## EXERCISE OBJECTIVE
The expected answer is all of the entries, written out exactly.

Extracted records
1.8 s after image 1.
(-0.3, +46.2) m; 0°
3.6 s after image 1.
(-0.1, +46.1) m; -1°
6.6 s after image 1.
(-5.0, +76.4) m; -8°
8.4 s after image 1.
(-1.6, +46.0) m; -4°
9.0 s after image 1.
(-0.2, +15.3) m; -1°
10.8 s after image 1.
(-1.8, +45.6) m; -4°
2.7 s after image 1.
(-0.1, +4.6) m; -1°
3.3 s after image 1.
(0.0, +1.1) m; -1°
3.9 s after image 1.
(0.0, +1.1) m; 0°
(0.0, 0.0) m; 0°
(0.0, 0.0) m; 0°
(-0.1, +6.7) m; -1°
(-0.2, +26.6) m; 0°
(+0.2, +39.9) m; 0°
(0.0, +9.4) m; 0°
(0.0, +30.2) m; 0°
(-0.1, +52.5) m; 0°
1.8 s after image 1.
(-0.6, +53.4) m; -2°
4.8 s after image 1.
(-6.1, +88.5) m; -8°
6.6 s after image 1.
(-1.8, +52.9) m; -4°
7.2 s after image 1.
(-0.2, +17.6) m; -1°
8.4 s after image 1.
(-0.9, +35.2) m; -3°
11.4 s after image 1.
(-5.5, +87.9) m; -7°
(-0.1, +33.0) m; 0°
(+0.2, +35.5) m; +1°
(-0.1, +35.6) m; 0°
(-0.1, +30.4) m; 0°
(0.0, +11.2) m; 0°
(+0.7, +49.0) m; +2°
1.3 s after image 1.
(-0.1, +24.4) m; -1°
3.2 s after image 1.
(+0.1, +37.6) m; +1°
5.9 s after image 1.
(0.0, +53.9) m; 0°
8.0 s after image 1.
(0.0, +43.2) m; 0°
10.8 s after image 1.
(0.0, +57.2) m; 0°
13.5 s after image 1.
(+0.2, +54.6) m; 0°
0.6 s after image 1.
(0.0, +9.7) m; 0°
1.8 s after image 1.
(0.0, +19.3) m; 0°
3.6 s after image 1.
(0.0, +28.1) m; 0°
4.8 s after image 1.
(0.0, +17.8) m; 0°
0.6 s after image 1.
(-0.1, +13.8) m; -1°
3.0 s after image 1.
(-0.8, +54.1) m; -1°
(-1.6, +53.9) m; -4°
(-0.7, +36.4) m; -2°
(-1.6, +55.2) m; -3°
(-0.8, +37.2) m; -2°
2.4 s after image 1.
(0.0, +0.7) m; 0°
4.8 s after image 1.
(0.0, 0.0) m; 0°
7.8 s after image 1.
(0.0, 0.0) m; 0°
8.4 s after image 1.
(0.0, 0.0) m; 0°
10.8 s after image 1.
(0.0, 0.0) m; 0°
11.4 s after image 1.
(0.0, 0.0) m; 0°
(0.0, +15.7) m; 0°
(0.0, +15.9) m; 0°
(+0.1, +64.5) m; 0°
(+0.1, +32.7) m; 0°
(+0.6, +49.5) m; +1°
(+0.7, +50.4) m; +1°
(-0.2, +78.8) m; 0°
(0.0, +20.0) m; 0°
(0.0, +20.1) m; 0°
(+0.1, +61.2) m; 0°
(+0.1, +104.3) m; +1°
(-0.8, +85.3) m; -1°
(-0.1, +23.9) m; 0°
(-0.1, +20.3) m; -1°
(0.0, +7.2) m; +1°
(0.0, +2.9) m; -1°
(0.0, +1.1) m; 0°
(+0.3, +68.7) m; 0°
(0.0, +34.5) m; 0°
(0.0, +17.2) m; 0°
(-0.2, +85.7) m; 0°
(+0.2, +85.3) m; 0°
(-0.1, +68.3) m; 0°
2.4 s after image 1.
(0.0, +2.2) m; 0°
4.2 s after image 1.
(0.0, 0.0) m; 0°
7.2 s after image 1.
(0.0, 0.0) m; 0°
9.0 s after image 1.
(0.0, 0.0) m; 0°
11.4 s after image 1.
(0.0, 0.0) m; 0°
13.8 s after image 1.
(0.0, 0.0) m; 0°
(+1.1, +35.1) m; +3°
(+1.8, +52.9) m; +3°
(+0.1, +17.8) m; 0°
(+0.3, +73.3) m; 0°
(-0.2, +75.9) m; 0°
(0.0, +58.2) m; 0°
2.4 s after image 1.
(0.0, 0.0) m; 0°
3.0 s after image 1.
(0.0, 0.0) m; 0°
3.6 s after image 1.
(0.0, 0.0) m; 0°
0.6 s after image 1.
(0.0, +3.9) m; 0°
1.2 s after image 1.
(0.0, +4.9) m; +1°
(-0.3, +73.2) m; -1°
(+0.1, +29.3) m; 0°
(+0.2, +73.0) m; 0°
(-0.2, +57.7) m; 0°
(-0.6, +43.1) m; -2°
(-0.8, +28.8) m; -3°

## OUTPUT
1.8 s after image 1.
(-0.3, +46.2) m; 0°
3.6 s after image 1.
(-0.1, +46.1) m; -1°
6.6 s after image 1.
(-5.0, +76.4) m; -8°
8.4 s after image 1.
(-1.6, +46.0) m; -4°
9.0 s after image 1.
(-0.2, +15.3) m; -1°
10.8 s after image 1.
(-1.8, +45.6) m; -4°
2.7 s after image 1.
(-0.1, +4.6) m; -1°
3.3 s after image 1.
(0.0, +1.1) m; -1°
3.9 s after image 1.
(0.0, +1.1) m; 0°
(0.0, 0.0) m; 0°
(0.0, 0.0) m; 0°
(-0.1, +6.7) m; -1°
(-0.2, +26.6) m; 0°
(+0.2, +39.9) m; 0°
(0.0, +9.4) m; 0°
(0.0, +30.2) m; 0°
(-0.1, +52.5) m; 0°
1.8 s after image 1.
(-0.6, +53.4) m; -2°
4.8 s after image 1.
(-6.1, +88.5) m; -8°
6.6 s after image 1.
(-1.8, +52.9) m; -4°
7.2 s after image 1.
(-0.2, +17.6) m; -1°
8.4 s after image 1.
(-0.9, +35.2) m; -3°
11.4 s after image 1.
(-5.5, +87.9) m; -7°
(-0.1, +33.0) m; 0°
(+0.2, +35.5) m; +1°
(-0.1, +35.6) m; 0°
(-0.1, +30.4) m; 0°
(0.0, +11.2) m; 0°
(+0.7, +49.0) m; +2°
1.3 s after image 1.
(-0.1, +24.4) m; -1°
3.2 s after image 1.
(+0.1, +37.6) m; +1°
5.9 s after image 1.
(0.0, +53.9) m; 0°
8.0 s after image 1.
(0.0, +43.2) m; 0°
10.8 s after image 1.
(0.0, +57.2) m; 0°
13.5 s after image 1.
(+0.2, +54.6) m; 0°
0.6 s after image 1.
(0.0, +9.7) m; 0°
1.8 s after image 1.
(0.0, +19.3) m; 0°
3.6 s after image 1.
(0.0, +28.1) m; 0°
4.8 s after image 1.
(0.0, +17.8) m; 0°
0.6 s after image 1.
(-0.1, +13.8) m; -1°
3.0 s after image 1.
(-0.8, +54.1) m; -1°
(-1.6, +53.9) m; -4°
(-0.7, +36.4) m; -2°
(-1.6, +55.2) m; -3°
(-0.8, +37.2) m; -2°
2.4 s after image 1.
(0.0, +0.7) m; 0°
4.8 s after image 1.
(0.0, 0.0) m; 0°
7.8 s after image 1.
(0.0, 0.0) m; 0°
8.4 s after image 1.
(0.0, 0.0) m; 0°
10.8 s after image 1.
(0.0, 0.0) m; 0°
11.4 s after image 1.
(0.0, 0.0) m; 0°
(0.0, +15.7) m; 0°
(0.0, +15.9) m; 0°
(+0.1, +64.5) m; 0°
(+0.1, +32.7) m; 0°
(+0.6, +49.5) m; +1°
(+0.7, +50.4) m; +1°
(-0.2, +78.8) m; 0°
(0.0, +20.0) m; 0°
(0.0, +20.1) m; 0°
(+0.1, +61.2) m; 0°
(+0.1, +104.3) m; +1°
(-0.8, +85.3) m; -1°
(-0.1, +23.9) m; 0°
(-0.1, +20.3) m; -1°
(0.0, +7.2) m; +1°
(0.0, +2.9) m; -1°
(0.0, +1.1) m; 0°
(+0.3, +68.7) m; 0°
(0.0, +34.5) m; 0°
(0.0, +17.2) m; 0°
(-0.2, +85.7) m; 0°
(+0.2, +85.3) m; 0°
(-0.1, +68.3) m; 0°
2.4 s after image 1.
(0.0, +2.2) m; 0°
4.2 s after image 1.
(0.0, 0.0) m; 0°
7.2 s after image 1.
(0.0, 0.0) m; 0°
9.0 s after image 1.
(0.0, 0.0) m; 0°
11.4 s after image 1.
(0.0, 0.0) m; 0°
13.8 s after image 1.
(0.0, 0.0) m; 0°
(+1.1, +35.1) m; +3°
(+1.8, +52.9) m; +3°
(+0.1, +17.8) m; 0°
(+0.3, +73.3) m; 0°
(-0.2, +75.9) m; 0°
(0.0, +58.2) m; 0°
2.4 s after image 1.
(0.0, 0.0) m; 0°
3.0 s after image 1.
(0.0, 0.0) m; 0°
3.6 s after image 1.
(0.0, 0.0) m; 0°
0.6 s after image 1.
(0.0, +3.9) m; 0°
1.2 s after image 1.
(0.0, +4.9) m; +1°
(-0.3, +73.2) m; -1°
(+0.1, +29.3) m; 0°
(+0.2, +73.0) m; 0°
(-0.2, +57.7) m; 0°
(-0.6, +43.1) m; -2°
(-0.8, +28.8) m; -3°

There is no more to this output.